Closed GoogleCodeExporter closed 9 years ago

GoogleCodeExporter commented 9 years ago
Sometimes it would be useful to combine the result of multiple futures into a 
single result, basically transforming a set of futures into a single future.

This is already supported to some extent through Futures.allAsList, but that 
only works if all futures are of the same type. I would want something similar, 
but that works on tuples instead of lists.

Something like this:
ListenableFuture<A> future1;
ListenableFuture<B> future1;
Function2<X, A, B> function = new Function2<X, A, B>(){
  @Override
  public X apply(A first, B second) {
    return merge(first, second);
  }
};
ListenableFuture<X> result = Futures.transform(future1, future2, function);

Attached is some sort of minimal implementation of this concept.

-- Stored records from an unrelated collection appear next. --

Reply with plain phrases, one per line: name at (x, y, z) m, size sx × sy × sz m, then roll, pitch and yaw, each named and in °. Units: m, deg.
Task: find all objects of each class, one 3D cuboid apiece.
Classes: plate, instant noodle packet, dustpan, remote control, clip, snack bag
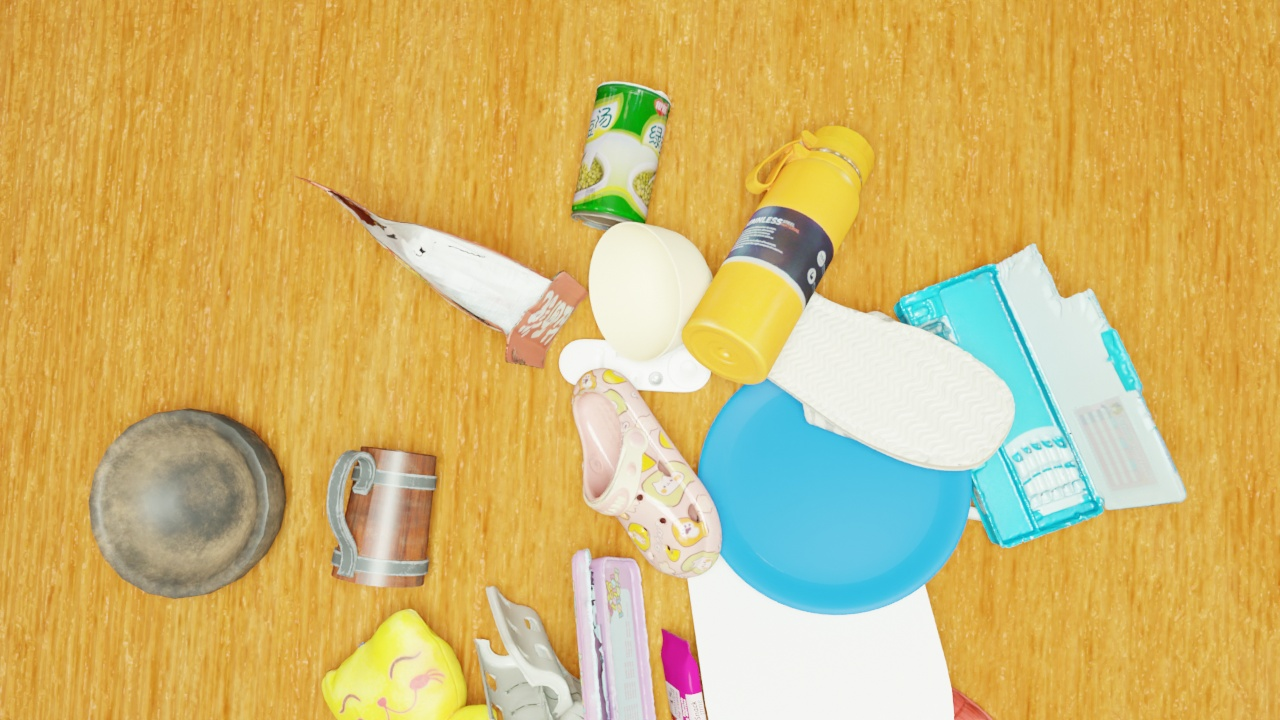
plate at (0.161, 0.102, 0.778) m, size 0.224 × 0.024 × 0.224 m, roll -6°, pitch 67°, yaw 13°
instant noodle packet at (-0.163, -0.087, 0.763) m, size 0.221 × 0.164 × 0.084 m, roll 32°, pitch 91°, yaw 4°
dustpan at (0.151, 0.261, 0.752) m, size 0.192 × 0.053 × 0.257 m, roll -14°, pitch 60°, yaw 11°
remote control at (-0.005, 0.005, 0.822) m, size 0.136 × 0.013 × 0.043 m, roll 3°, pitch 87°, yaw 4°
clip at (-0.092, 0.274, 0.767) m, size 0.105 × 0.126 × 0.152 m, roll -33°, pitch 109°, yaw -6°
snack bag at (0.044, 0.331, 0.776) m, size 0.016 × 0.070 × 0.196 m, roll -8°, pitch 87°, yaw -17°

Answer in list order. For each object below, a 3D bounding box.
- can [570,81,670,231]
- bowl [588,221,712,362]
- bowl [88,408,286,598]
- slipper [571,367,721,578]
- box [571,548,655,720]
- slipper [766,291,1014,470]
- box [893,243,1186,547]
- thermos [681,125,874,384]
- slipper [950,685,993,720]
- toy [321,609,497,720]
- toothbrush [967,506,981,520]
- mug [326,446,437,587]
can at (-0.017, -0.177, 0.805) m, size 0.067 × 0.067 × 0.121 m, roll 12°, pitch 88°, yaw 4°
bowl at (0.021, -0.062, 0.789) m, size 0.073 × 0.118 × 0.118 m, roll -13°, pitch 85°, yaw -39°
bowl at (-0.391, 0.124, 0.814) m, size 0.162 × 0.070 × 0.162 m, roll 0°, pitch 87°, yaw 4°
slipper at (-0.014, 0.102, 0.772) m, size 0.081 × 0.093 × 0.197 m, roll -22°, pitch 77°, yaw -40°
box at (-0.023, 0.260, 0.724) m, size 0.041 × 0.151 × 0.214 m, roll -9°, pitch 73°, yaw 10°
slipper at (0.174, 0.003, 0.770) m, size 0.273 × 0.054 × 0.114 m, roll 28°, pitch 81°, yaw 24°
box at (0.327, 0.025, 0.760) m, size 0.169 × 0.086 × 0.227 m, roll -27°, pitch 80°, yaw 36°
thermos at (0.116, -0.098, 0.750) m, size 0.091 × 0.076 × 0.232 m, roll 49°, pitch 62°, yaw -35°
slipper at (0.201, 0.290, 0.771) m, size 0.249 × 0.059 × 0.103 m, roll 34°, pitch 89°, yaw 6°
toy at (-0.173, 0.311, 0.783) m, size 0.135 × 0.087 × 0.194 m, roll -43°, pitch 81°, yaw 18°
toothbrush at (0.238, 0.124, 0.797) m, size 0.187 × 0.017 × 0.012 m, roll 9°, pitch 77°, yaw 4°
mug at (-0.226, 0.131, 0.782) m, size 0.081 × 0.117 × 0.111 m, roll 5°, pitch 83°, yaw 22°
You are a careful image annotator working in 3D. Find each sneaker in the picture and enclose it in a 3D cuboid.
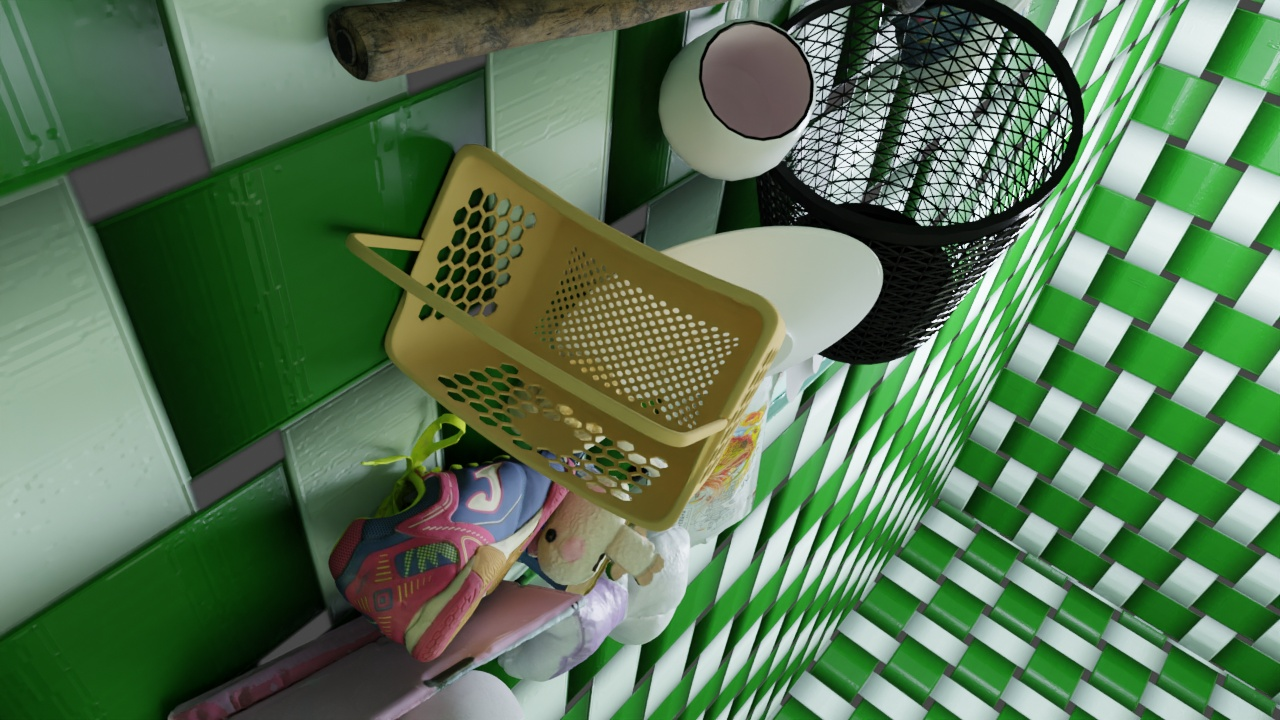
[{"bbox_3d":[0.297,-0.342,0.805,0.079,0.087,0.235,47,70,-32],"label":"sneaker"},{"bbox_3d":[-0.108,0.090,0.575,0.116,0.091,0.241,-56,176,14],"label":"sneaker"}]

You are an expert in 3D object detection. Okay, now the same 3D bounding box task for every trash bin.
[{"bbox_3d":[0.189,-0.121,0.720,0.216,0.217,0.243,-49,161,-18],"label":"trash bin"}]

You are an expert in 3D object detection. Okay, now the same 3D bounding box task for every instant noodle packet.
[{"bbox_3d":[0.070,0.108,0.919,0.146,0.057,0.270,-18,138,-21],"label":"instant noodle packet"}]

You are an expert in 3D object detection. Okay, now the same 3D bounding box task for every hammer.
[{"bbox_3d":[0.003,-0.184,0.449,0.329,0.120,0.033,-26,140,-34],"label":"hammer"}]

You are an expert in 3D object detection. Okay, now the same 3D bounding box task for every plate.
[{"bbox_3d":[0.175,-0.042,0.919,0.172,0.019,0.173,11,89,-73],"label":"plate"},{"bbox_3d":[0.057,-0.013,0.629,0.229,0.030,0.230,-10,155,-5],"label":"plate"}]

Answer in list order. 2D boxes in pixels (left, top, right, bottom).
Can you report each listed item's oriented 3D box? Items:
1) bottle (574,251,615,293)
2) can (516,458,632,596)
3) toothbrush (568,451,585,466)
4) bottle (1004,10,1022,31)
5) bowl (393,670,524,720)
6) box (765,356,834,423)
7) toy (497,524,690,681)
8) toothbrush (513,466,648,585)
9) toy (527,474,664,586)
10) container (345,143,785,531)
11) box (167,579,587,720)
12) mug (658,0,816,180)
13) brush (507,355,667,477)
[{"bbox_3d":[-0.009,-0.047,0.625,0.042,0.043,0.110,-57,154,-1],"label":"bottle"},{"bbox_3d":[-0.050,0.136,0.743,0.100,0.059,0.054,-60,155,4],"label":"can"},{"bbox_3d":[-0.004,0.004,0.720,0.190,0.017,0.016,-57,154,0],"label":"toothbrush"},{"bbox_3d":[0.358,-0.355,0.927,0.130,0.048,0.048,-30,144,-45],"label":"bottle"},{"bbox_3d":[-0.159,0.280,0.687,0.131,0.064,0.132,-35,167,-9],"label":"bowl"},{"bbox_3d":[0.157,0.020,1.008,0.186,0.056,0.138,-37,155,-39],"label":"box"},{"bbox_3d":[-0.029,0.223,0.860,0.208,0.085,0.138,-11,128,-51],"label":"toy"},{"bbox_3d":[-0.048,0.144,0.809,0.187,0.014,0.017,-40,158,-33],"label":"toothbrush"},{"bbox_3d":[-0.038,0.123,0.665,0.087,0.112,0.050,-57,139,-21],"label":"toy"},{"bbox_3d":[-0.035,-0.011,0.451,0.129,0.183,0.166,-63,163,13],"label":"container"},{"bbox_3d":[-0.165,0.188,0.567,0.173,0.075,0.232,-33,170,33],"label":"box"},{"bbox_3d":[0.058,-0.173,0.560,0.076,0.090,0.123,162,-67,-74],"label":"mug"},{"bbox_3d":[-0.012,0.063,0.698,0.272,0.077,0.062,44,44,-62],"label":"brush"}]

Original issue reported on code.google.com by kristofer.karlsson@gmail.com on 22 May 2013 at 3:01

Attachments:

GoogleCodeExporter commented 9 years ago
Though we've stayed away from Function2 and friends 
(<https://code.google.com/p/guava-libraries/wiki/IdeaGraveyard#Functions/Predica
tes_for_n_%3E=_2_inputs>), we can find other ways of merging Futures:

final ListenableFuture<A> future1;
final ListenableFuture<B> future2;
Callable<X> function = new Callable<X>() {
  @Override
  public X call() {
    return merge(future1.get(), future2.get());
  }
};
ListenableFuture<X> result = Futures.combine(function, executor, future1, 
future2);

In fact, we have this method internally. It may yet make its way out.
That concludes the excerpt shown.